- Born: 15 April 1887 Mansfield, Nottinghamshire
- Died: 16 May 1969 (aged 82)
- Occupation: Gastroenterologist
- Known for: Development of effective rubber-based ileostomy bag

= Thomas Lionel Hardy =

Thomas Lionel Hardy (1887–1969) was a British physician and pioneering gastroenterologist.

After education at Radley College, T. Lionel Hardy studied at Selwyn College, Cambridge, and studied medicine at the Middlesex Hospital. He qualified MRCS, LRCP in 1912 and graduated MB BChir in 1913 from the University of Cambridge. After junior medical appointments at the Middlesex Hospital and at Great Ormond Street Hospital, he qualified MRCP in 1914 and then immediately joined the RAMC. During WWI he served on the western front, reached the rank of major in charge of the medical division of a casualty clearing station, and was mentioned in despatches.

In 1919 Hardy was appointed an assistant physician to the Queen Elizabeth Hospital Birmingham. In 1925 he received the higher MD from the University of Cambridge.
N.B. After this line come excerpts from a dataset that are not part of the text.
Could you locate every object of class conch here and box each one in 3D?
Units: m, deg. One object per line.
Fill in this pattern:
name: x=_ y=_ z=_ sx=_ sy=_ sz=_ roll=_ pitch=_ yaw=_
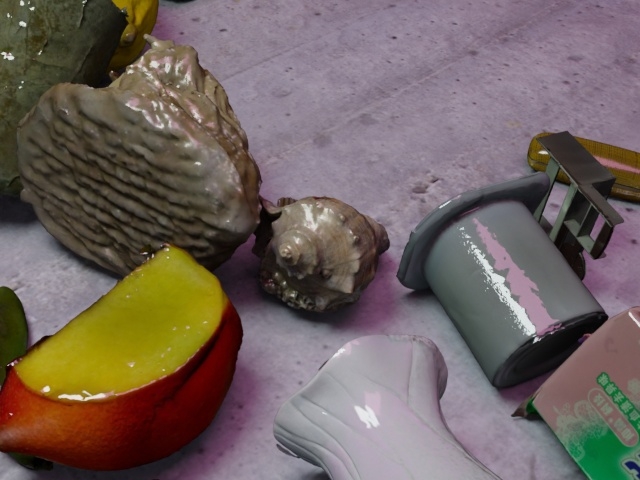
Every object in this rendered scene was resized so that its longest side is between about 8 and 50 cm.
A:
conch: x=0.000 y=0.000 z=0.991 sx=0.178 sy=0.163 sz=0.245 roll=49 pitch=26 yaw=15

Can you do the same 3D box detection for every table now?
table: x=0.331 y=-0.032 z=1.061 sx=0.062 sy=0.146 sz=0.175 roll=-14 pitch=49 yaw=-20

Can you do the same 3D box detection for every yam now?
yam: x=-0.388 y=-0.205 z=1.035 sx=0.195 sy=0.195 sz=0.300 roll=27 pitch=92 yaw=19

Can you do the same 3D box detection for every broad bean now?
broad bean: x=-0.342 y=0.143 z=0.874 sx=0.065 sy=0.046 sz=0.254 roll=-7 pitch=48 yaw=-24

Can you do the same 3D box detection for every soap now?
soap: x=0.350 y=0.214 z=0.806 sx=0.098 sy=0.218 sz=0.273 roll=7 pitch=39 yaw=-42

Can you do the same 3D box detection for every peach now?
peach: x=-0.186 y=0.147 z=0.808 sx=0.154 sy=0.158 sz=0.267 roll=21 pitch=44 yaw=28

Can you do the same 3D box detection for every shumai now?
shumai: x=-0.172 y=-0.107 z=0.993 sx=0.314 sy=0.267 sz=0.262 roll=15 pitch=38 yaw=23

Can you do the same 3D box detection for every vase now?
vase: x=0.119 y=0.286 z=0.673 sx=0.250 sy=0.250 sz=0.445 roll=-13 pitch=44 yaw=-19

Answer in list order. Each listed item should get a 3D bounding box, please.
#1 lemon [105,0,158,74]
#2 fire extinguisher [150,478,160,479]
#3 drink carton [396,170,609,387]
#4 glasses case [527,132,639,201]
lemon: x=-0.384 y=-0.386 z=1.235 sx=0.268 sy=0.268 sz=0.322 roll=-20 pitch=44 yaw=-25
fire extinguisher: x=-0.238 y=0.298 z=0.726 sx=0.231 sy=0.071 sz=0.099 roll=-25 pitch=26 yaw=-27
drink carton: x=0.215 y=0.061 z=0.952 sx=0.191 sy=0.185 sz=0.189 roll=-14 pitch=60 yaw=-22
glasses case: x=0.428 y=-0.109 z=1.210 sx=0.234 sy=0.064 sz=0.079 roll=16 pitch=39 yaw=10
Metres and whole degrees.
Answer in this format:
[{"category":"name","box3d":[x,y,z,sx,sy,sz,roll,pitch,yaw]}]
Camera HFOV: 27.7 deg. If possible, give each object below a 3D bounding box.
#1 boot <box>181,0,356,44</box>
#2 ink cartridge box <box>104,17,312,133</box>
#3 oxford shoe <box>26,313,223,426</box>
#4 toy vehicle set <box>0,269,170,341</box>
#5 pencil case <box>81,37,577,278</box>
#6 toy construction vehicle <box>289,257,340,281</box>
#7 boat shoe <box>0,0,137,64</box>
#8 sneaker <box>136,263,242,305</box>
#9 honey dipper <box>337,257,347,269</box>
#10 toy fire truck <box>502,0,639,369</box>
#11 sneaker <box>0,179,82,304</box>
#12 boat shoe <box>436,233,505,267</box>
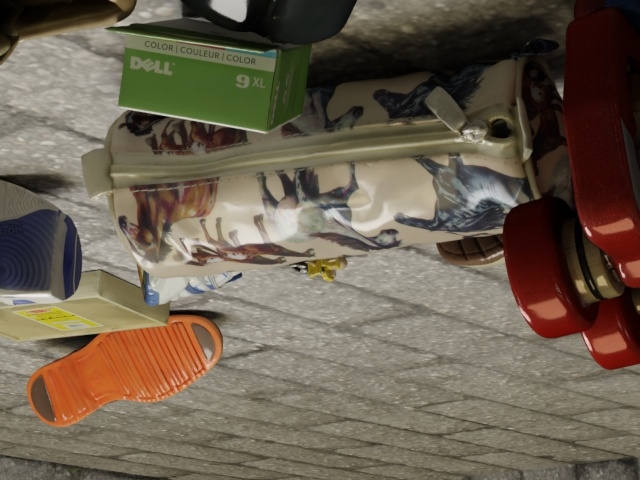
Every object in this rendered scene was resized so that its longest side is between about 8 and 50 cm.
[{"category":"boot","box3d":[0.035,-0.196,0.806,0.247,0.094,0.207,7,160,-10]},{"category":"ink cartridge box","box3d":[-0.076,-0.119,0.930,0.109,0.062,0.209,11,-168,6]},{"category":"oxford shoe","box3d":[-0.280,0.175,1.966,0.364,0.130,0.133,-18,-173,31]},{"category":"toy vehicle set","box3d":[-0.365,0.094,1.798,0.267,0.035,0.166,-8,159,25]},{"category":"pencil case","box3d":[0.010,-0.062,1.105,0.410,0.159,0.183,-7,158,22]},{"category":"toy construction vehicle","box3d":[0.000,0.000,1.413,0.035,0.085,0.098,-14,156,23]},{"category":"boat shoe","box3d":[-0.252,-0.169,0.901,0.302,0.098,0.109,-8,159,25]},{"category":"sneaker","box3d":[-0.129,-0.012,1.394,0.131,0.111,0.296,-9,168,-12]},{"category":"honey dipper","box3d":[-0.012,0.010,1.536,0.030,0.030,0.161,-10,162,31]},{"category":"toy fire truck","box3d":[0.242,-0.055,0.963,0.169,0.253,0.302,-17,156,27]},{"category":"sneaker","box3d":[-0.396,0.013,1.453,0.316,0.127,0.182,3,166,17]},{"category":"boat shoe","box3d":[0.225,-0.029,1.300,0.095,0.095,0.257,7,161,-35]}]
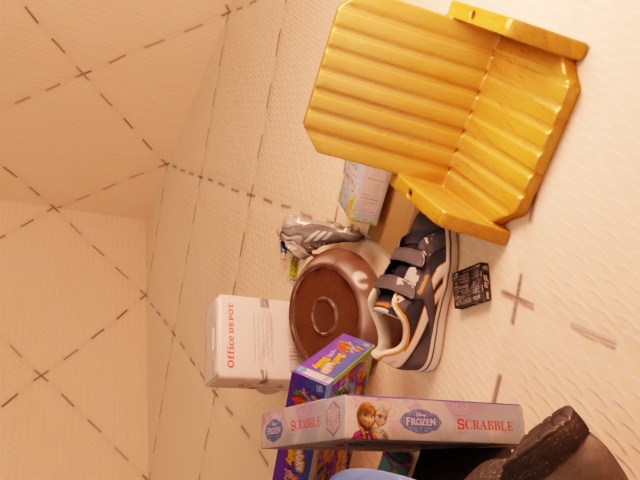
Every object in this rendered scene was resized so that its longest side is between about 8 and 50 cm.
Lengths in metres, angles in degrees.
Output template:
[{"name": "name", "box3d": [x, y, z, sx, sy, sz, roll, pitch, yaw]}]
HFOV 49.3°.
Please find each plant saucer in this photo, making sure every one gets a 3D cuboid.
[{"name": "plant saucer", "box3d": [0.022, 0.171, 1.577, 0.310, 0.050, 0.311, -2, 88, 48]}]

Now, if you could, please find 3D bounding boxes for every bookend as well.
[{"name": "bookend", "box3d": [0.242, 0.405, 1.083, 0.157, 0.072, 0.156, -11, 113, 28]}]

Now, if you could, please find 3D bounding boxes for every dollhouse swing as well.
[{"name": "dollhouse swing", "box3d": [0.180, -0.223, 1.165, 0.315, 0.305, 0.347, 53, 129, 57]}]

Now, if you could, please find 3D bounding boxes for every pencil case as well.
[{"name": "pencil case", "box3d": [0.126, 0.467, 1.356, 0.070, 0.064, 0.152, 41, 121, 40]}]

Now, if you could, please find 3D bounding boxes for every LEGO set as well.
[{"name": "LEGO set", "box3d": [-0.015, 0.120, 1.708, 0.132, 0.107, 0.287, -37, 50, 57]}]

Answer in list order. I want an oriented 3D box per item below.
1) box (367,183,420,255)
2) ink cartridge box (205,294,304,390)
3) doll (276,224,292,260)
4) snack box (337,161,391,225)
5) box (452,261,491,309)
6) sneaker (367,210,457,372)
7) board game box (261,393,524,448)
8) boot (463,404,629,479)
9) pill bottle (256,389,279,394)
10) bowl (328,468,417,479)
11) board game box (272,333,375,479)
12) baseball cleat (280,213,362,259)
[{"name": "box", "box3d": [0.166, -0.077, 1.483, 0.164, 0.021, 0.201, -136, 57, -60]}, {"name": "ink cartridge box", "box3d": [-0.138, 0.256, 1.721, 0.117, 0.283, 0.207, -42, 46, 54]}, {"name": "doll", "box3d": [-0.086, -0.003, 1.968, 0.189, 0.046, 0.129, 39, 117, 61]}, {"name": "snack box", "box3d": [0.105, -0.156, 1.539, 0.174, 0.070, 0.207, -114, 37, -72]}, {"name": "box", "box3d": [0.265, 0.081, 1.227, 0.083, 0.018, 0.067, -34, 53, 58]}, {"name": "sneaker", "box3d": [0.170, 0.083, 1.308, 0.126, 0.127, 0.321, 174, 104, -66]}, {"name": "board game box", "box3d": [0.106, 0.308, 1.149, 0.318, 0.318, 0.066, -33, 52, 57]}, {"name": "boot", "box3d": [0.286, 0.381, 0.888, 0.223, 0.118, 0.338, 47, 136, 14]}, {"name": "pill bottle", "box3d": [-0.162, 0.341, 1.959, 0.180, 0.108, 0.108, -135, 57, -60]}, {"name": "bowl", "box3d": [0.160, 0.457, 0.936, 0.077, 0.391, 0.391, -53, 7, -35]}, {"name": "board game box", "box3d": [0.001, 0.391, 1.422, 0.078, 0.233, 0.347, 17, 109, 23]}, {"name": "baseball cleat", "box3d": [0.000, 0.000, 1.666, 0.205, 0.072, 0.109, 14, 97, 26]}]
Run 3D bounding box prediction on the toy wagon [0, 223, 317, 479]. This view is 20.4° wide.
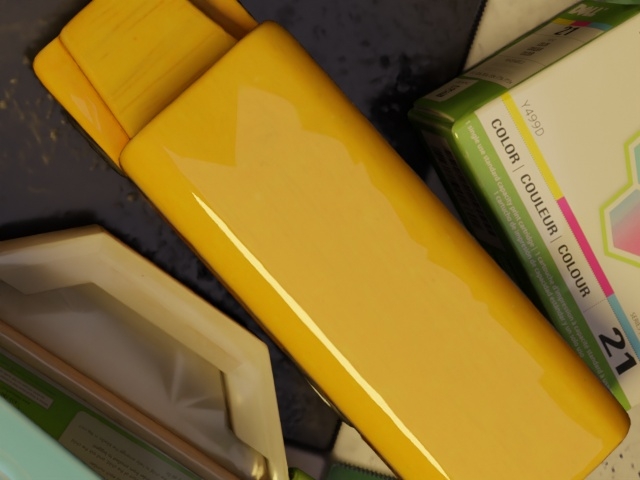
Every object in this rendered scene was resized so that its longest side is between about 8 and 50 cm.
[{"bbox_3d":[-0.176,0.161,0.939,0.267,0.068,0.344,36,90,-15],"label":"toy wagon"}]

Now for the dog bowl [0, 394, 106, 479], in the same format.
[{"bbox_3d":[-0.167,0.106,0.819,0.297,0.166,0.074,42,76,-15],"label":"dog bowl"}]

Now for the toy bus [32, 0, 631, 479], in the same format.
[{"bbox_3d":[0.000,0.000,0.896,0.108,0.130,0.333,-42,93,-4],"label":"toy bus"}]

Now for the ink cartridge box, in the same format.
[{"bbox_3d":[0.206,-0.053,0.976,0.255,0.097,0.189,-31,104,-6],"label":"ink cartridge box"}]
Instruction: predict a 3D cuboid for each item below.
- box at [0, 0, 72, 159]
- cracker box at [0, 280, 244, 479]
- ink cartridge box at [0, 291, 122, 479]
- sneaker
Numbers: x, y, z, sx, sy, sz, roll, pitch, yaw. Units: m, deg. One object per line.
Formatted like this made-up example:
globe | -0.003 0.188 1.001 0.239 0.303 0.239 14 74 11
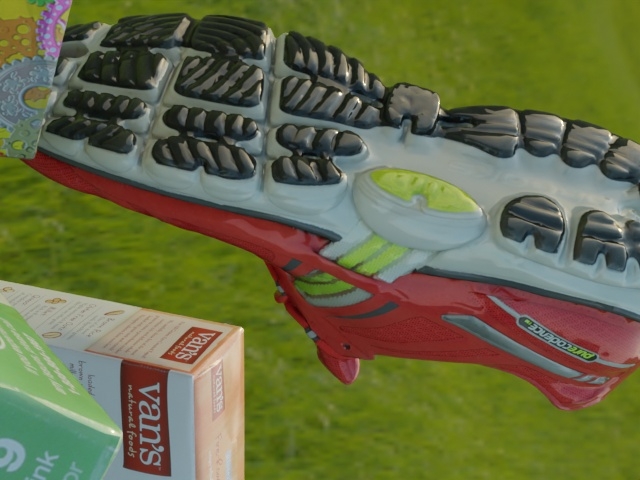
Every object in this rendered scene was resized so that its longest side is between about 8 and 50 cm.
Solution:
box | -0.217 -0.196 0.479 0.289 0.177 0.279 6 48 -17
cracker box | -0.157 0.108 0.878 0.067 0.232 0.156 -44 138 -59
ink cartridge box | -0.170 0.010 0.337 0.212 0.154 0.093 28 94 -33
sneaker | 0.000 0.000 0.621 0.107 0.279 0.118 -65 172 -50

He was elected FRCP in 1929. In 1944 he was the Royal College of Physicians's Croonian Lecturer on Order and disorder in the large intestine. In 1948 he was appointed by the University of Birmingham to a personal chair in gastroenterology.

He was a founder member of the British Society of Gastroenterology and its first honorary secretary. He described the birth of the Society as taking place at the top of the main staircase of the Athenaeum, where Hurst had collected a group of friends: John Ryle, L. J. Witts, Letheby Tidy, and himself.

In 1948 Hardy read a report of an American ileostomy bag. Hardy, (William) Trevor Cooke, Clifford Hawkins, and the surgeon Bryan N. Brooke, with the help of the research department of the Dunlop Company in Birmingham, developed and tested their own successful version of the rubber-based ileostomy bag. This revolutionised the therapy for ulcerative colitis.

In 1914 T. Lionel Hardy married Elizabeth Clarke Ritchie. They had three sons and one daughter. After his first wife died in 1952, he married Margaret Askham in 1954 in Malvern, Worcestershire.